Records provided:
----

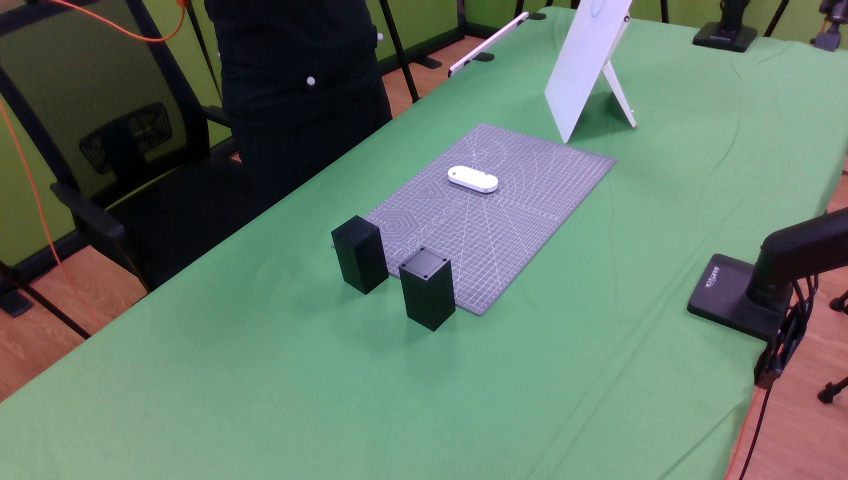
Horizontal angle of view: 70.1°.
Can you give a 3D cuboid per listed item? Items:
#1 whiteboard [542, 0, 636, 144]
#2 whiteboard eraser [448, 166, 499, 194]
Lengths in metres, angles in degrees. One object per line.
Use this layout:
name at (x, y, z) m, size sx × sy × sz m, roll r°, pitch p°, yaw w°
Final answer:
whiteboard at (0.366, -0.351, 1.160) m, size 0.144 × 0.305 × 0.216 m, roll 10°, pitch 39°, yaw -10°
whiteboard eraser at (0.088, -0.108, 1.082) m, size 0.100 × 0.019 × 0.041 m, roll 22°, pitch 49°, yaw 31°

----

What the task asks: Without the pictures, repeat the entries above line by line, from the first through the one that contains "name at (x, y, z)", both ends included.

Exercise output:
Horizontal angle of view: 70.1°.
Can you give a 3D cuboid per listed item? Items:
#1 whiteboard [542, 0, 636, 144]
#2 whiteboard eraser [448, 166, 499, 194]
Lengths in metres, angles in degrees. One object per line.
Use this layout:
name at (x, y, z) m, size sx × sy × sz m, roll r°, pitch p°, yaw w°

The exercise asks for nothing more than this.